● **TASK STATEMENT**: Every record below needs to be set down exactly. Pictures do not belong in the copy.

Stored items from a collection

· · · · ·

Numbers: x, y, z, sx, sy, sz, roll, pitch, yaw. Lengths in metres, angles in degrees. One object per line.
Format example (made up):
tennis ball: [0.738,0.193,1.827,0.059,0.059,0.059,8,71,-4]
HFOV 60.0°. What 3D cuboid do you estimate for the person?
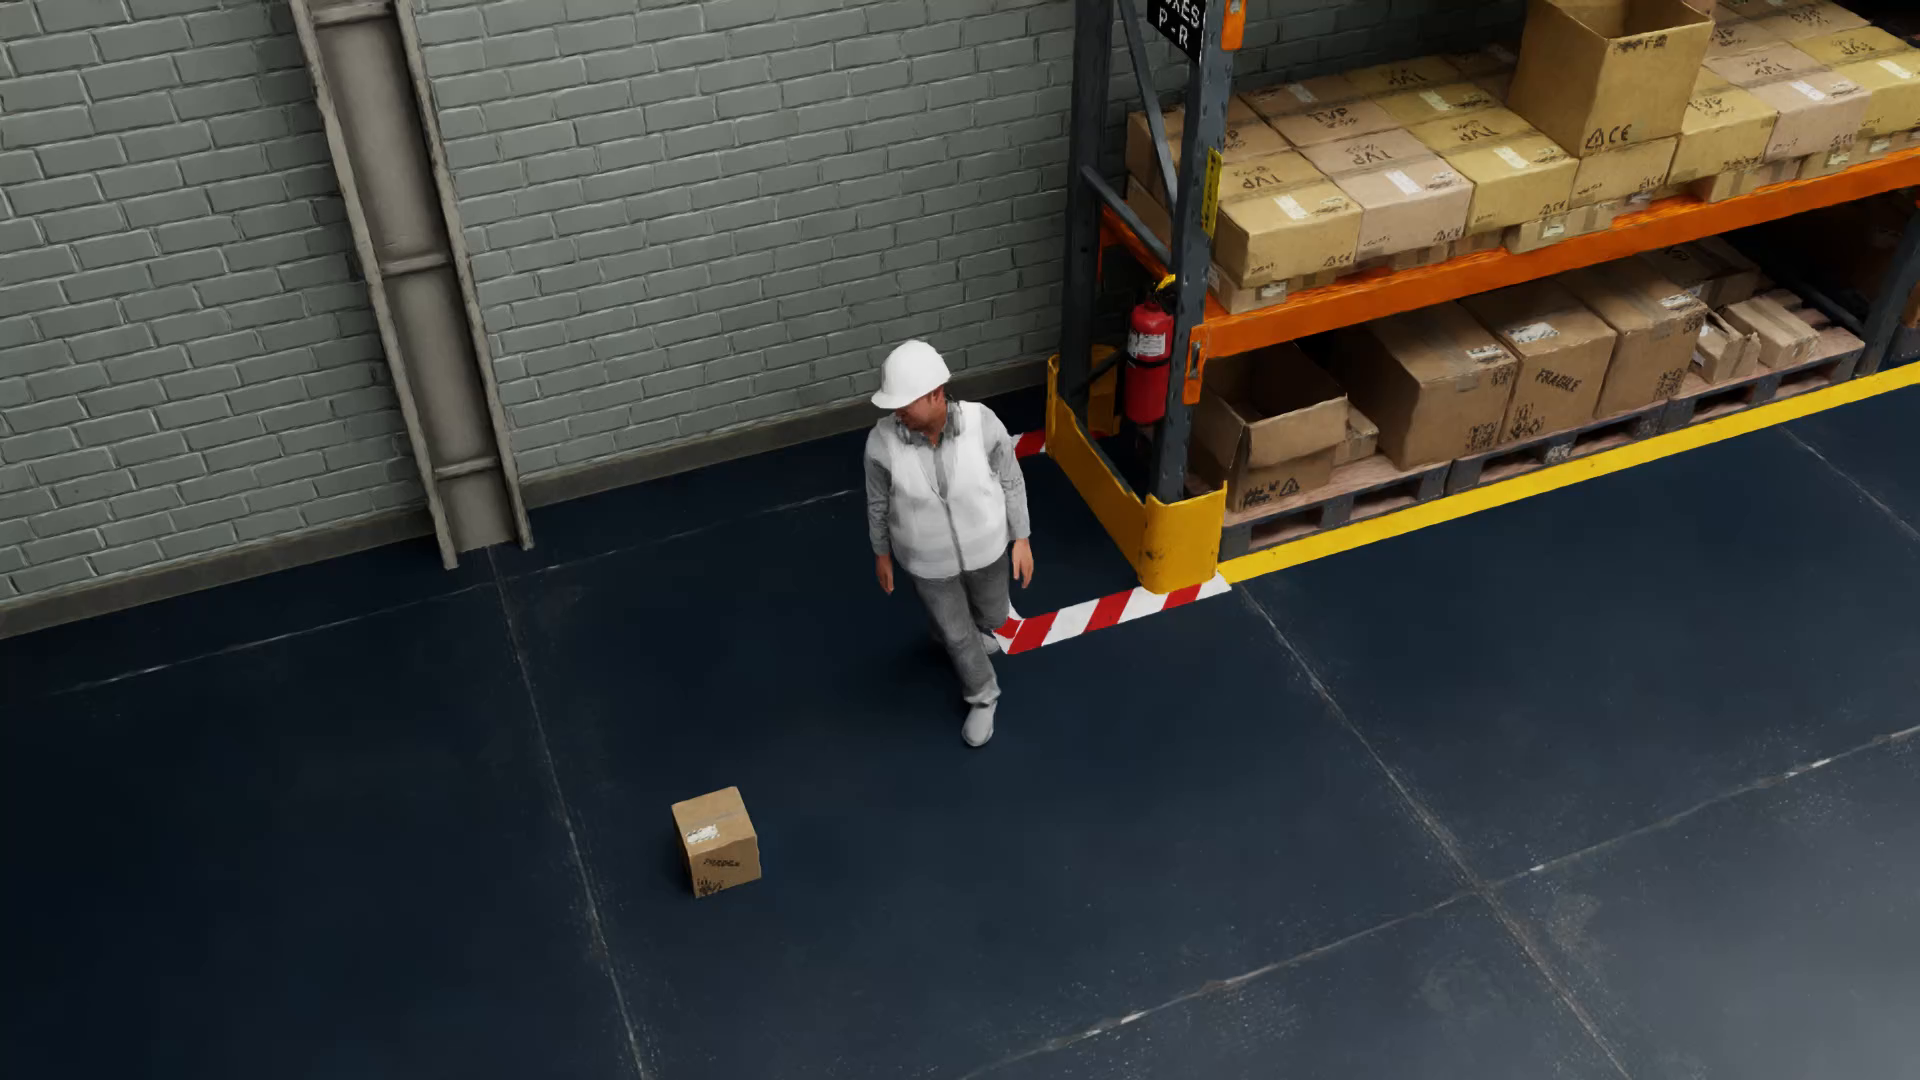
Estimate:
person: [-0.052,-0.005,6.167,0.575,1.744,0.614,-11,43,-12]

· · · · ·

● **ANSWER SECTION**:
Numbers: x, y, z, sx, sy, sz, roll, pitch, yaw. Lengths in metres, angles in degrees. One object per line.
Format example (made up):
tennis ball: [0.738,0.193,1.827,0.059,0.059,0.059,8,71,-4]
HFOV 60.0°. What 3D cuboid do you estimate for the person?
Estimate:
person: [-0.052,-0.005,6.167,0.575,1.744,0.614,-11,43,-12]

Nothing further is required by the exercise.